New York City, over? Fran Lebowitz and Martin Scorsese say it's 'out of the question'

Meredith Blake, Los Angeles Times on

Published in Entertainment News

Martin Scorsese and Fran Lebowitz are trying to remember how they met. Scorsese ventures that it was at a literary party on New York City's Upper East Side with "Goodfellas" screenwriter Nick Pileggi, but Lebowitz shoots this idea down: "That wouldn't have been me." Could it have been John Waters' 50th birthday party? She doesn't think so: "That was only, like, 25 years ago."
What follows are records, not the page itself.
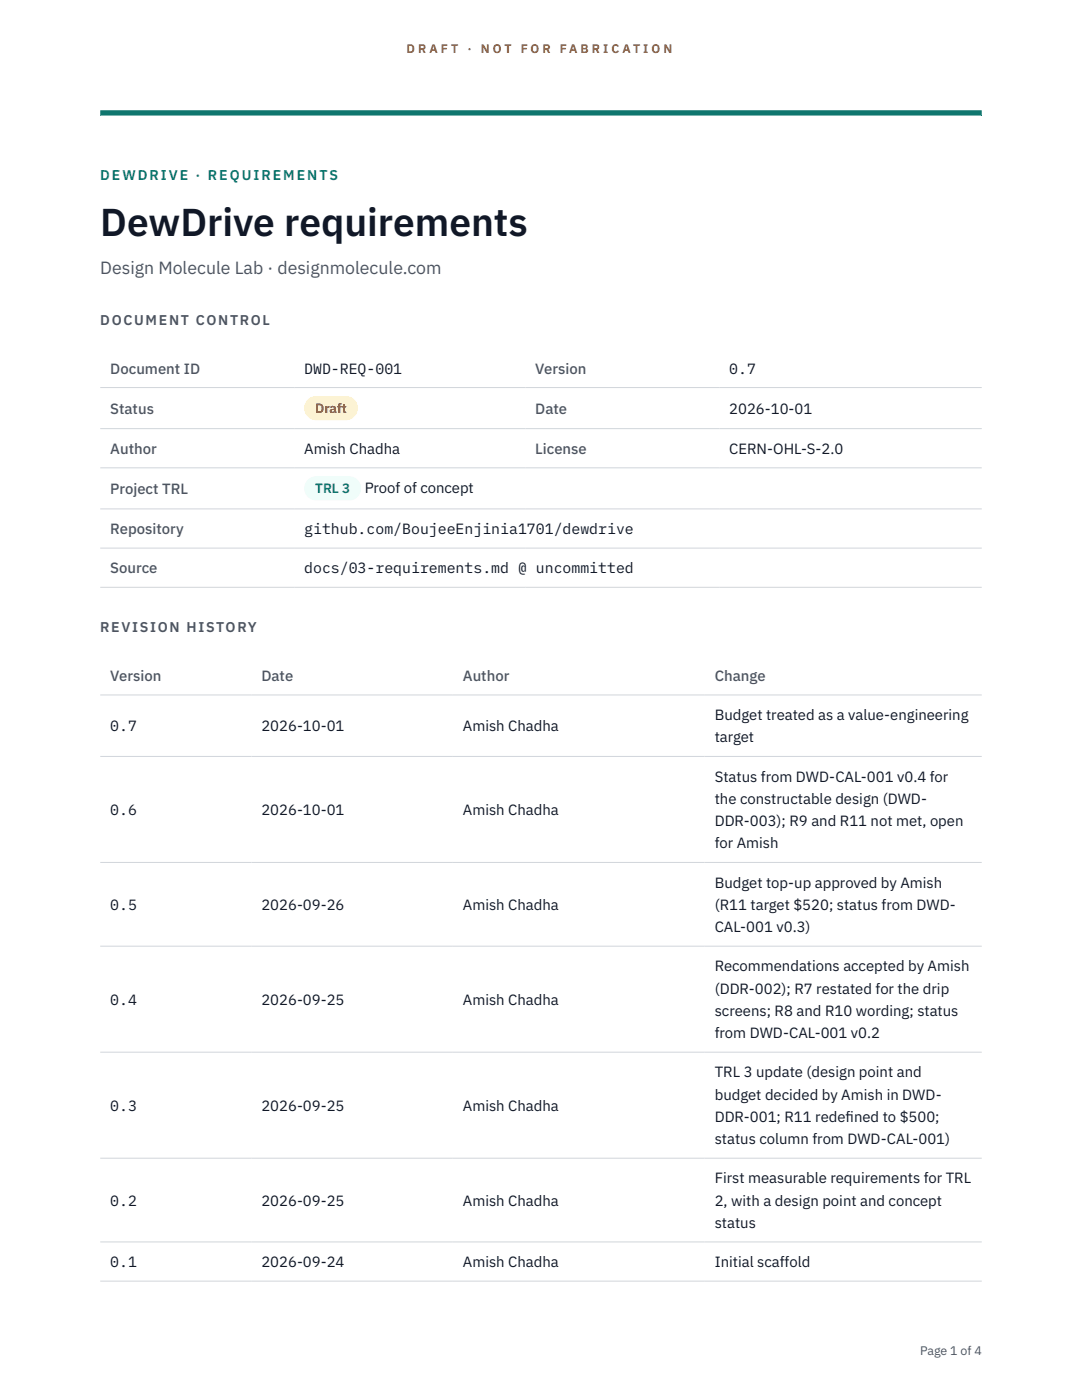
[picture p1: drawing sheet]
<svg xmlns="http://www.w3.org/2000/svg" width="216mm" height="279mm" viewBox="0 0 216 279" stroke-linecap="round" stroke-linejoin="round" font-family="sans-serif">
<defs><g id="words">
<text font-size="7.8" fill="#111827" x="20" y="47.1">DewDrive requirements</text>
<text font-size="3.5" fill="#4b5563" x="20" y="54.6">Design Molecule Lab · designmolecule.com</text>
<g font-size="3" fill="#4b5563">
<text x="22" y="74.5">Document ID</text>
<text x="106.8" y="74.5">Version</text>
<text x="22" y="82.6">Status</text>
<text x="106.8" y="82.6">Date</text>
<text x="22" y="90.6">Author</text>
<text x="106.8" y="90.6">License</text>
<text x="22" y="98.6">Project TRL</text>
<text x="22" y="106.6">Repository</text>
<text x="22" y="114.4">Source</text>
<text x="22" y="135.9">Version</text>
<text x="52.2" y="135.9">Date</text>
<text x="92.4" y="135.9">Author</text>
<text x="142.6" y="135.9">Change</text>
</g>
<g font-size="3" fill="#111827">
<text x="60.7" y="74.5">DWD-REQ-001</text>
<text x="145.5" y="74.5">0.7</text>
<text x="145.5" y="82.6">2026-10-01</text>
<text x="60.7" y="90.6">Amish Chadha</text>
<text x="145.5" y="90.6">CERN-OHL-S-2.0</text>
<text x="72.8" y="98.5">Proof of concept</text>
<text x="60.7" y="106.6">github.com/BoujeeEnjinia1701/dewdrive</text>
<text x="60.7" y="114.4">docs/03-requirements.md @ uncommitted</text>
<text x="142.6" y="143.7">Budget treated as a value-engineering</text>
<text x="22" y="145.9">0.7</text>
<text x="52.2" y="145.9">2026-10-01</text>
<text x="92.4" y="145.9">Amish Chadha</text>
<text x="142.6" y="148.2">target</text>
<text x="142.6" y="156">Status from DWD-CAL-001 v0.4 for</text>
<text x="142.6" y="160.4">the constructable design (DWD-</text>
<text x="22" y="162.7">0.6</text>
<text x="52.2" y="162.7">2026-10-01</text>
<text x="92.4" y="162.7">Amish Chadha</text>
<text x="142.6" y="164.9">DDR-003); R9 and R11 not met, open</text>
<text x="142.6" y="169.3">for Amish</text>
<text x="142.6" y="177.1">Budget top-up approved by Amish</text>
<text x="22" y="181.6">0.5</text>
<text x="52.2" y="181.6">2026-09-26</text>
<text x="92.4" y="181.6">Amish Chadha</text>
<text x="142.6" y="181.6">(R11 target $520; status from DWD-</text>
<text x="142.6" y="186">CAL-001 v0.3)</text>
<text x="142.6" y="193.9">Recommendations accepted by Amish</text>
<text x="22" y="200.5">0.4</text>
<text x="52.2" y="200.5">2026-09-25</text>
<text x="92.4" y="200.5">Amish Chadha</text>
<text x="142.6" y="198.3">(DDR-002); R7 restated for the drip</text>
<text x="142.6" y="202.7">screens; R8 and R10 wording; status</text>
<text x="142.6" y="207.2">from DWD-CAL-001 v0.2</text>
<text x="142.6" y="215">TRL 3 update (design point and</text>
<text x="22" y="221.7">0.3</text>
<text x="52.2" y="221.7">2026-09-25</text>
<text x="92.4" y="221.7">Amish Chadha</text>
<text x="142.6" y="219.5">budget decided by Amish in DWD-</text>
<text x="142.6" y="223.9">DDR-001; R11 redef</text>
<text x="168.7" y="223.9">ined to $500;</text>
<text x="142.6" y="228.3">status column from DWD-CAL-001)</text>
<text x="142.6" y="236.2">First measurable requirements for TRL</text>
<text x="22" y="240.6">0.2</text>
<text x="52.2" y="240.6">2026-09-25</text>
<text x="92.4" y="240.6">Amish Chadha</text>
<text x="142.6" y="240.6">2, with a design point and concept</text>
<text x="142.6" y="245.1">status</text>
<text x="22" y="252.9">0.1</text>
<text x="52.2" y="252.9">2026-09-24</text>
<text x="92.4" y="252.9">Amish Chadha</text>
<text x="142.6" y="252.9">Initial scaffold</text>
</g>
<text font-size="2.8" fill="#0f766e" x="20" y="36">DEWDRIVE · REQUIREMENTS</text>
<g font-size="2.8" fill="#4b5563">
<text x="20" y="64.8">DOCUMENT CONTROL</text>
<text x="20" y="126.2">REVISION HISTORY</text>
</g>
<text font-size="2.7" fill="#92400e" x="62.9" y="82.5">Draft</text>
<text font-size="2.7" fill="#0f766e" x="62.9" y="98.5">TRL 3</text>
<g font-size="2.5" fill="#b45309">
<text x="81.1" y="10.5">D R A F T</text>
<text x="93.3" y="10.5">·</text>
<text x="95.9" y="10.5">N O T</text>
<text x="103.9" y="10.5">F O R</text>
<text x="111.7" y="10.5">F A B R I C A T I O N</text>
</g>
<text font-size="2.5" fill="#4b5563" x="183.6" y="270.3">Page 1 of 4</text>
</g></defs>
<path d="M20 23.1h175.9zM20 22h175.9v1.1h-175.9z" fill-rule="evenodd" fill="#0f766e"/>
<g fill="none" stroke="#d1d5db" stroke-width=".2">
<path d="M20 77.3h175.9M20 85.5h175.9M20 93.4h175.9M20 101.6h175.9M20 109.4h175.9M20 117.2h175.9M20 138.7h175.9M20 151h175.9M20 172.1h175.9M20 188.8h175.9M20 210h175.9M20 231.1h175.9"/>
<path d="M20 247.9h175.9M20 255.7h175.9"/>
</g>
<path d="M60.7 79h10.7v4.9h-10.7z" fill="#fef3c7"/>
<path d="M60.7 95.1h11.4v4.8h-11.4z" fill="#f0fdfa"/>
<use href="#words"/>
</svg>

"We both believe it was at a party," says Lebowitz, the author and professional speaker, in a video conference with the Oscar-winning director. "Because where else would it have been?"

Few living people are more identified with New York than Lebowitz, who made her name as an Interview magazine columnist in the 1970s and has since morphed into a kind of professional Manhattanite, and Scorsese, who was raised on the Lower East Side before making films such as "Taxi Driver" that have powerfully shaped perceptions of the city in the popular imagination.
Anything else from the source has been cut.